VMWare: Leaving something on the table

20_bill It’s starting to look like the good-old, bad-old days in the tech finance business.

Remember when investment banks stood accused of deliberately under-pricing tech IPOs so they could hand big windfall gains to their best institutional investor friends? It was to counter that sort of thing that Google opted for an auction when it went public three years ago this week.

VMWare’s IPO today smacks of an earlier era. An opening day premium of 76 per cent pushed its stock market value up close to $20bn – and all that in spite of its mid-August launch date and the highly unstable state of the financial markets.

The size of that premium suggests that VMWare’s bankers left $725m on the table by pricing the deal lower than they could have done. That is considerably more, as it happens, than EMC paid when it bought all of VMWare three years ago.

Back during the tech bubble, the bankers said they simply had no control over first-day "pops" like this.
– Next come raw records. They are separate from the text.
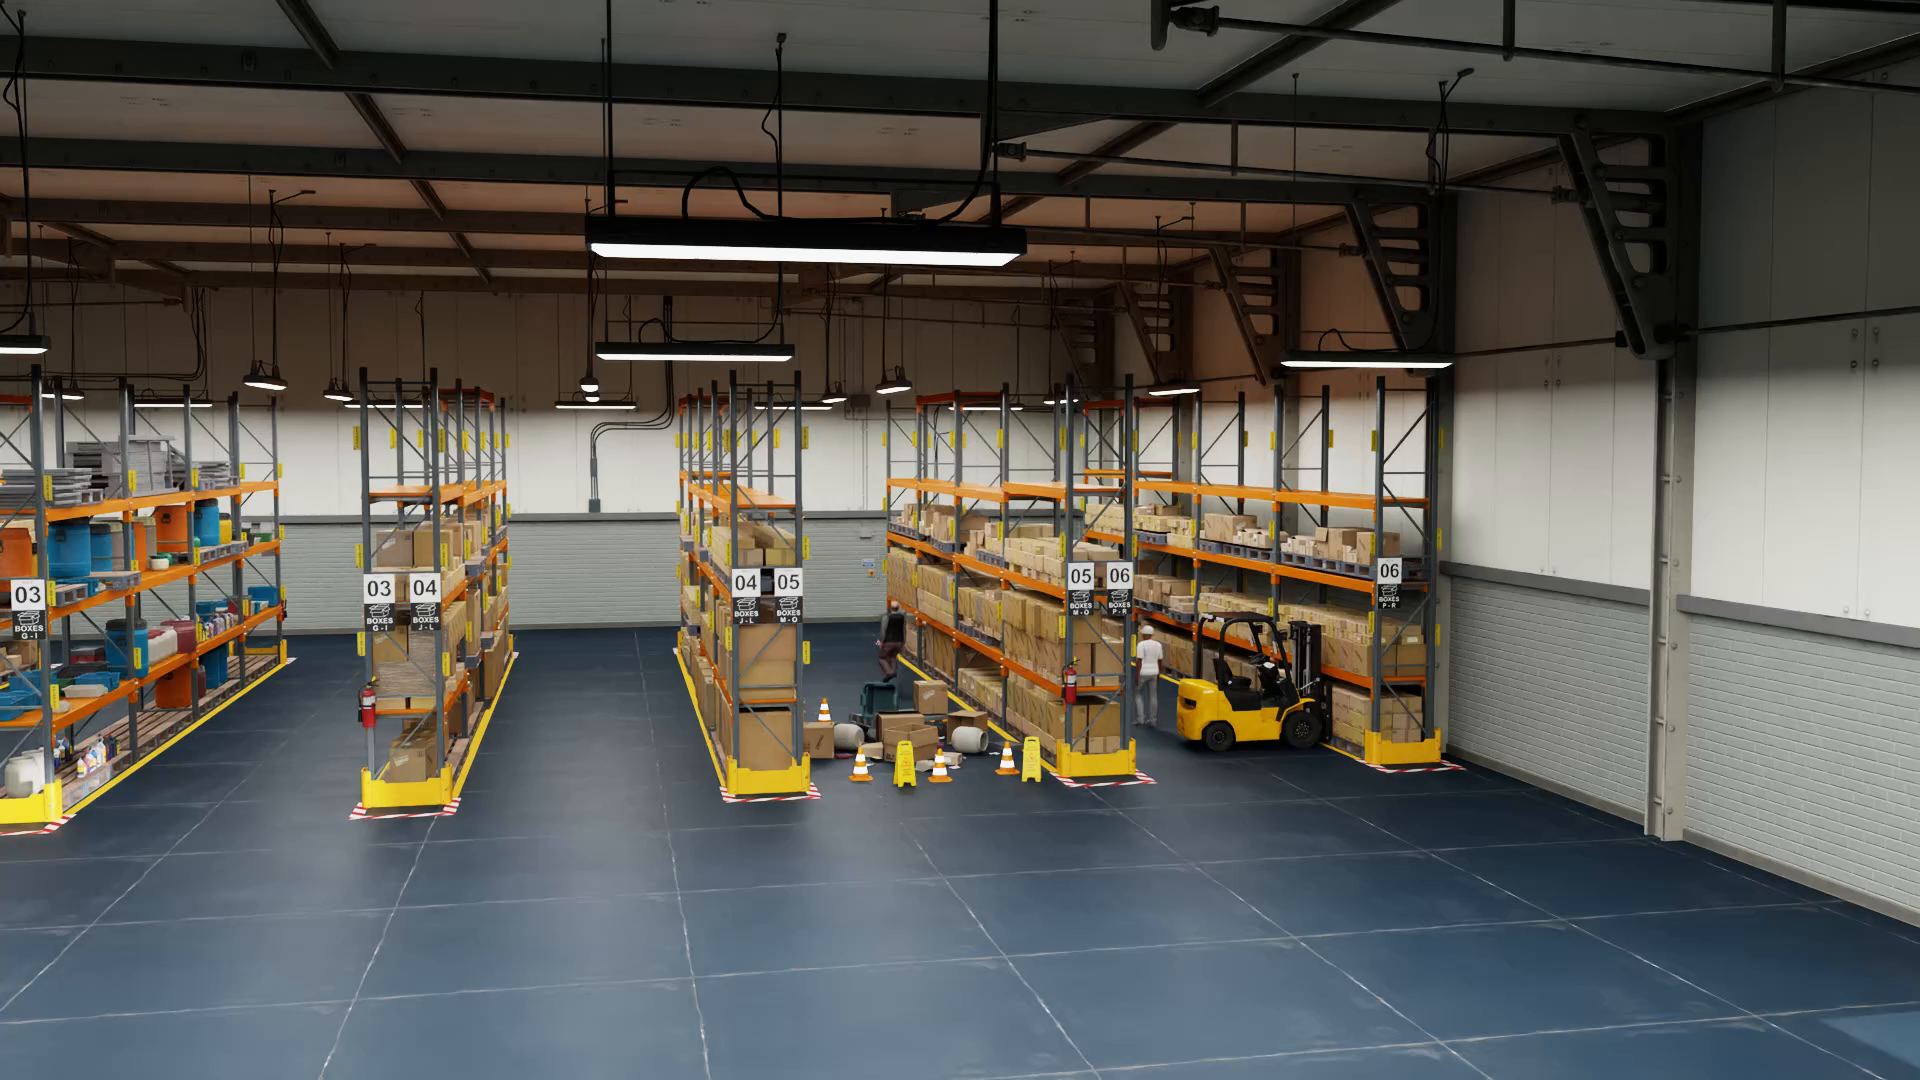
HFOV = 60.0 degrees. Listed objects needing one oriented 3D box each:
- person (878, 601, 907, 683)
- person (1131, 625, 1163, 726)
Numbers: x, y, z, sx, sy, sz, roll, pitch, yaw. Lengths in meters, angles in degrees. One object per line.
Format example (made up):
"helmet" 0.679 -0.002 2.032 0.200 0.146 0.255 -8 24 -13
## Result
"person" -1.346 2.035 33.233 0.570 1.623 0.580 -1 4 -21
"person" 3.313 2.406 29.232 0.589 1.809 0.602 -1 4 -17
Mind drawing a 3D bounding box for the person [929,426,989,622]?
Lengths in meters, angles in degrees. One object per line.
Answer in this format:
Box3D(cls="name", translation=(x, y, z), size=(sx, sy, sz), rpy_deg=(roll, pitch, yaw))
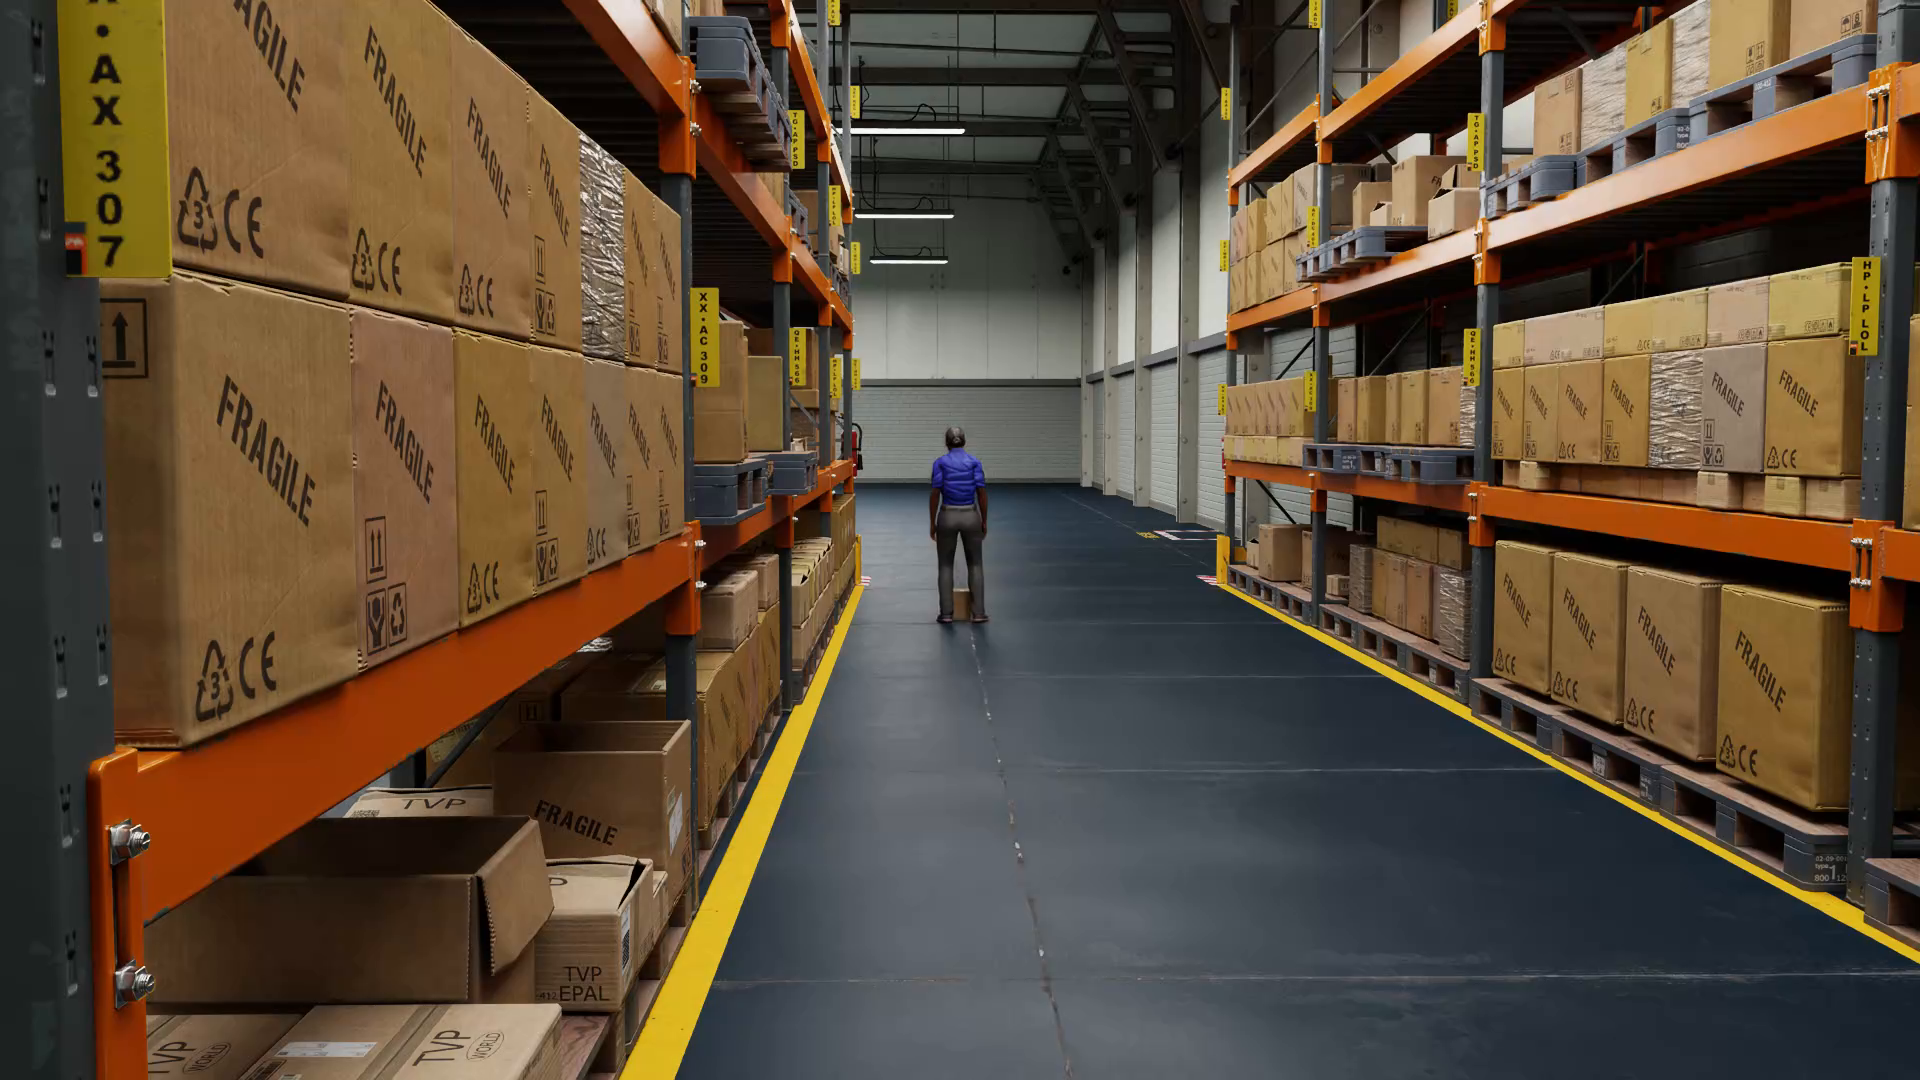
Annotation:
Box3D(cls="person", translation=(-0.003, -0.131, 13.989), size=(0.520, 1.653, 0.349), rpy_deg=(0, 4, -4))
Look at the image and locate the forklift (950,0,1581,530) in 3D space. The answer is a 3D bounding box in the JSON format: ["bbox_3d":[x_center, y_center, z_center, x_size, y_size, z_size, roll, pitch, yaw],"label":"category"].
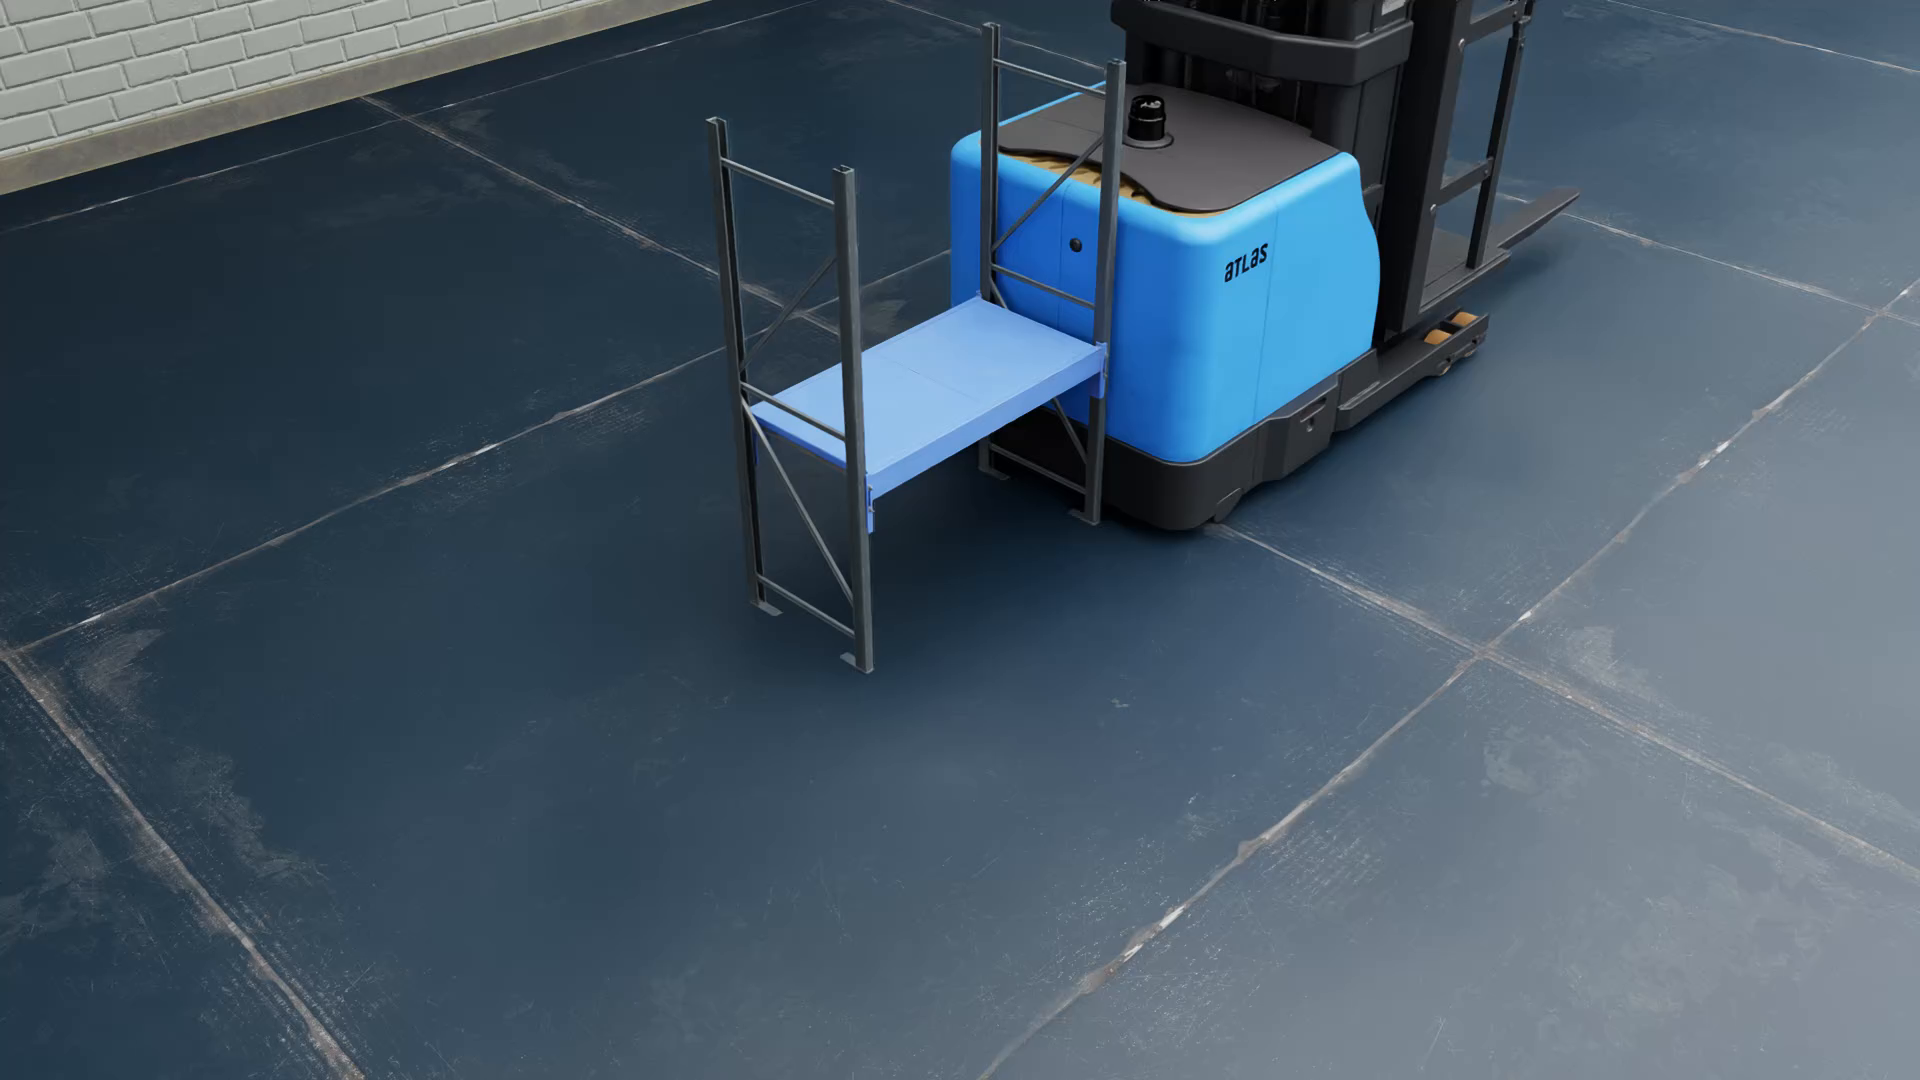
[{"bbox_3d":[1.327,-1.985,5.534,1.130,2.935,3.031,28,44,34],"label":"forklift"}]

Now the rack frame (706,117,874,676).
[{"bbox_3d":[-0.438,-0.335,4.419,0.500,1.500,0.032,28,44,34],"label":"rack frame"}]

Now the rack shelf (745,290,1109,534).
[{"bbox_3d":[-0.091,-0.400,4.827,0.538,0.185,1.000,28,44,34],"label":"rack shelf"}]

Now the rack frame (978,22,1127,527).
[{"bbox_3d":[0.255,-0.761,5.030,0.500,1.500,0.032,28,44,34],"label":"rack frame"}]

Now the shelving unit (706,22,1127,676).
[{"bbox_3d":[-0.091,-0.548,4.724,0.538,1.500,1.048,28,44,34],"label":"shelving unit"}]

If traders wanted to chase prices to irrational levels in pursuit of the instant profits on the latest hot stock, that was no reason to price shares at nonsensical levels.

It’s harder to make that argument today. Demand for VMWare was always going to be heavy: it’s not every day a software company whose revenues have reached an annualised $1bn, growing at nearly 100 per cent, makes its appearance on Wall Street. It would be interesting to know how much more EMC would have made had it opted for a Google-style IPO, rather than leaving it to Citi, JP Morgan and Lehman Brothers to find the "right" level at which to sell the shares.